# [TASK]
Exactly as written, output each of the lines below, with no images.

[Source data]
────────────────

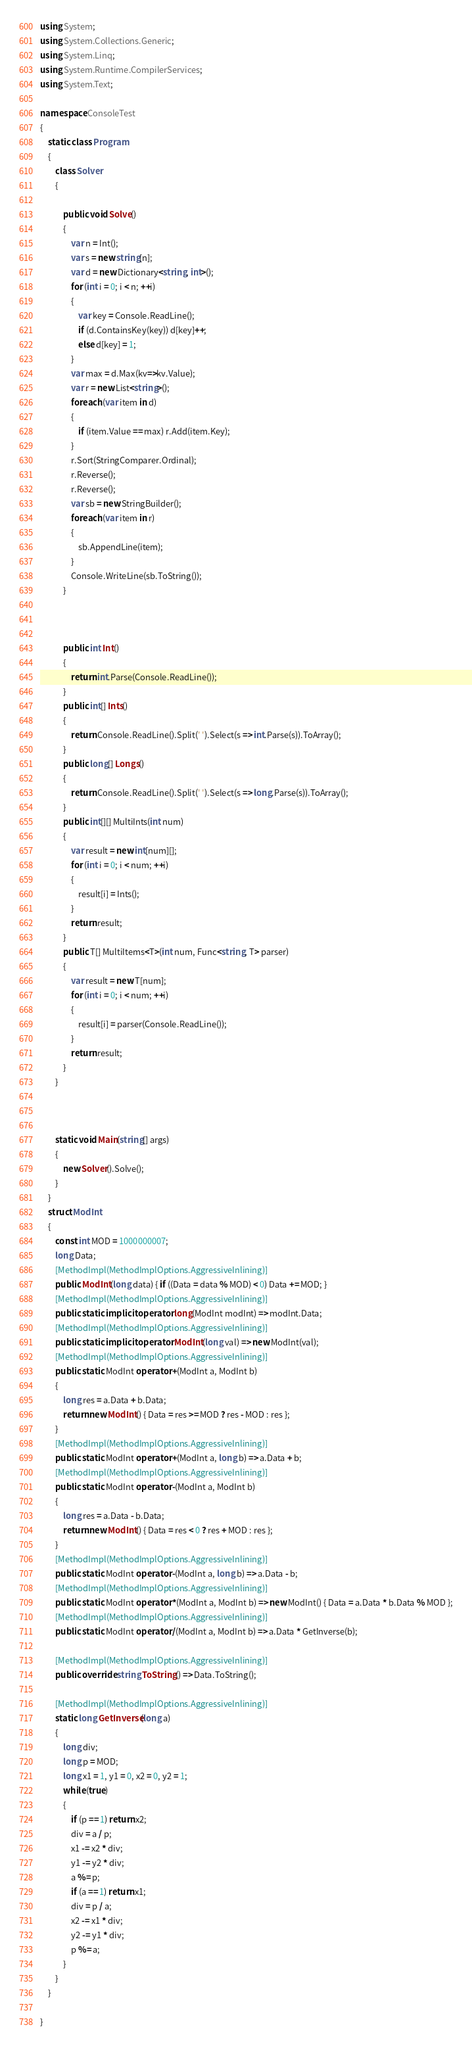Convert code to text. <code><loc_0><loc_0><loc_500><loc_500><_C#_>using System;
using System.Collections.Generic;
using System.Linq;
using System.Runtime.CompilerServices;
using System.Text;

namespace ConsoleTest
{
    static class Program
    {
        class Solver
        {

            public void Solve()
            {
                var n = Int();
                var s = new string[n];
                var d = new Dictionary<string, int>();
                for (int i = 0; i < n; ++i)
                {
                    var key = Console.ReadLine();
                    if (d.ContainsKey(key)) d[key]++;
                    else d[key] = 1;
                }
                var max = d.Max(kv=>kv.Value);
                var r = new List<string>();
                foreach (var item in d)
                {
                    if (item.Value == max) r.Add(item.Key);
                }
                r.Sort(StringComparer.Ordinal);
                r.Reverse();
                r.Reverse();
                var sb = new StringBuilder();
                foreach (var item in r)
                {
                    sb.AppendLine(item);
                }
                Console.WriteLine(sb.ToString());
            }



            public int Int()
            {
                return int.Parse(Console.ReadLine());
            }
            public int[] Ints()
            {
                return Console.ReadLine().Split(' ').Select(s => int.Parse(s)).ToArray();
            }
            public long[] Longs()
            {
                return Console.ReadLine().Split(' ').Select(s => long.Parse(s)).ToArray();
            }
            public int[][] MultiInts(int num)
            {
                var result = new int[num][];
                for (int i = 0; i < num; ++i)
                {
                    result[i] = Ints();
                }
                return result;
            }
            public T[] MultiItems<T>(int num, Func<string, T> parser)
            {
                var result = new T[num];
                for (int i = 0; i < num; ++i)
                {
                    result[i] = parser(Console.ReadLine());
                }
                return result;
            }
        }
        
  

        static void Main(string[] args)
        {
            new Solver().Solve();
        }
    }
    struct ModInt
    {
        const int MOD = 1000000007;
        long Data;
        [MethodImpl(MethodImplOptions.AggressiveInlining)]
        public ModInt(long data) { if ((Data = data % MOD) < 0) Data += MOD; }
        [MethodImpl(MethodImplOptions.AggressiveInlining)]
        public static implicit operator long(ModInt modInt) => modInt.Data;
        [MethodImpl(MethodImplOptions.AggressiveInlining)]
        public static implicit operator ModInt(long val) => new ModInt(val);
        [MethodImpl(MethodImplOptions.AggressiveInlining)]
        public static ModInt operator +(ModInt a, ModInt b)
        {
            long res = a.Data + b.Data;
            return new ModInt() { Data = res >= MOD ? res - MOD : res };
        }
        [MethodImpl(MethodImplOptions.AggressiveInlining)]
        public static ModInt operator +(ModInt a, long b) => a.Data + b;
        [MethodImpl(MethodImplOptions.AggressiveInlining)]
        public static ModInt operator -(ModInt a, ModInt b)
        {
            long res = a.Data - b.Data;
            return new ModInt() { Data = res < 0 ? res + MOD : res };
        }
        [MethodImpl(MethodImplOptions.AggressiveInlining)]
        public static ModInt operator -(ModInt a, long b) => a.Data - b;
        [MethodImpl(MethodImplOptions.AggressiveInlining)]
        public static ModInt operator *(ModInt a, ModInt b) => new ModInt() { Data = a.Data * b.Data % MOD };
        [MethodImpl(MethodImplOptions.AggressiveInlining)]
        public static ModInt operator /(ModInt a, ModInt b) => a.Data * GetInverse(b);

        [MethodImpl(MethodImplOptions.AggressiveInlining)]
        public override string ToString() => Data.ToString();

        [MethodImpl(MethodImplOptions.AggressiveInlining)]
        static long GetInverse(long a)
        {
            long div;
            long p = MOD;
            long x1 = 1, y1 = 0, x2 = 0, y2 = 1;
            while (true)
            {
                if (p == 1) return x2;
                div = a / p;
                x1 -= x2 * div;
                y1 -= y2 * div;
                a %= p;
                if (a == 1) return x1;
                div = p / a;
                x2 -= x1 * div;
                y2 -= y1 * div;
                p %= a;
            }
        }
    }

}
</code>

────────────────

# [PROBLEM SOLUTION]
Convert code to text. <code><loc_0><loc_0><loc_500><loc_500><_C#_>using System;
using System.Collections.Generic;
using System.Linq;
using System.Runtime.CompilerServices;
using System.Text;

namespace ConsoleTest
{
    static class Program
    {
        class Solver
        {

            public void Solve()
            {
                var n = Int();
                var s = new string[n];
                var d = new Dictionary<string, int>();
                for (int i = 0; i < n; ++i)
                {
                    var key = Console.ReadLine();
                    if (d.ContainsKey(key)) d[key]++;
                    else d[key] = 1;
                }
                var max = d.Max(kv=>kv.Value);
                var r = new List<string>();
                foreach (var item in d)
                {
                    if (item.Value == max) r.Add(item.Key);
                }
                r.Sort(StringComparer.Ordinal);
                r.Reverse();
                r.Reverse();
                var sb = new StringBuilder();
                foreach (var item in r)
                {
                    sb.AppendLine(item);
                }
                Console.WriteLine(sb.ToString());
            }



            public int Int()
            {
                return int.Parse(Console.ReadLine());
            }
            public int[] Ints()
            {
                return Console.ReadLine().Split(' ').Select(s => int.Parse(s)).ToArray();
            }
            public long[] Longs()
            {
                return Console.ReadLine().Split(' ').Select(s => long.Parse(s)).ToArray();
            }
            public int[][] MultiInts(int num)
            {
                var result = new int[num][];
                for (int i = 0; i < num; ++i)
                {
                    result[i] = Ints();
                }
                return result;
            }
            public T[] MultiItems<T>(int num, Func<string, T> parser)
            {
                var result = new T[num];
                for (int i = 0; i < num; ++i)
                {
                    result[i] = parser(Console.ReadLine());
                }
                return result;
            }
        }
        
  

        static void Main(string[] args)
        {
            new Solver().Solve();
        }
    }
    struct ModInt
    {
        const int MOD = 1000000007;
        long Data;
        [MethodImpl(MethodImplOptions.AggressiveInlining)]
        public ModInt(long data) { if ((Data = data % MOD) < 0) Data += MOD; }
        [MethodImpl(MethodImplOptions.AggressiveInlining)]
        public static implicit operator long(ModInt modInt) => modInt.Data;
        [MethodImpl(MethodImplOptions.AggressiveInlining)]
        public static implicit operator ModInt(long val) => new ModInt(val);
        [MethodImpl(MethodImplOptions.AggressiveInlining)]
        public static ModInt operator +(ModInt a, ModInt b)
        {
            long res = a.Data + b.Data;
            return new ModInt() { Data = res >= MOD ? res - MOD : res };
        }
        [MethodImpl(MethodImplOptions.AggressiveInlining)]
        public static ModInt operator +(ModInt a, long b) => a.Data + b;
        [MethodImpl(MethodImplOptions.AggressiveInlining)]
        public static ModInt operator -(ModInt a, ModInt b)
        {
            long res = a.Data - b.Data;
            return new ModInt() { Data = res < 0 ? res + MOD : res };
        }
        [MethodImpl(MethodImplOptions.AggressiveInlining)]
        public static ModInt operator -(ModInt a, long b) => a.Data - b;
        [MethodImpl(MethodImplOptions.AggressiveInlining)]
        public static ModInt operator *(ModInt a, ModInt b) => new ModInt() { Data = a.Data * b.Data % MOD };
        [MethodImpl(MethodImplOptions.AggressiveInlining)]
        public static ModInt operator /(ModInt a, ModInt b) => a.Data * GetInverse(b);

        [MethodImpl(MethodImplOptions.AggressiveInlining)]
        public override string ToString() => Data.ToString();

        [MethodImpl(MethodImplOptions.AggressiveInlining)]
        static long GetInverse(long a)
        {
            long div;
            long p = MOD;
            long x1 = 1, y1 = 0, x2 = 0, y2 = 1;
            while (true)
            {
                if (p == 1) return x2;
                div = a / p;
                x1 -= x2 * div;
                y1 -= y2 * div;
                a %= p;
                if (a == 1) return x1;
                div = p / a;
                x2 -= x1 * div;
                y2 -= y1 * div;
                p %= a;
            }
        }
    }

}
</code>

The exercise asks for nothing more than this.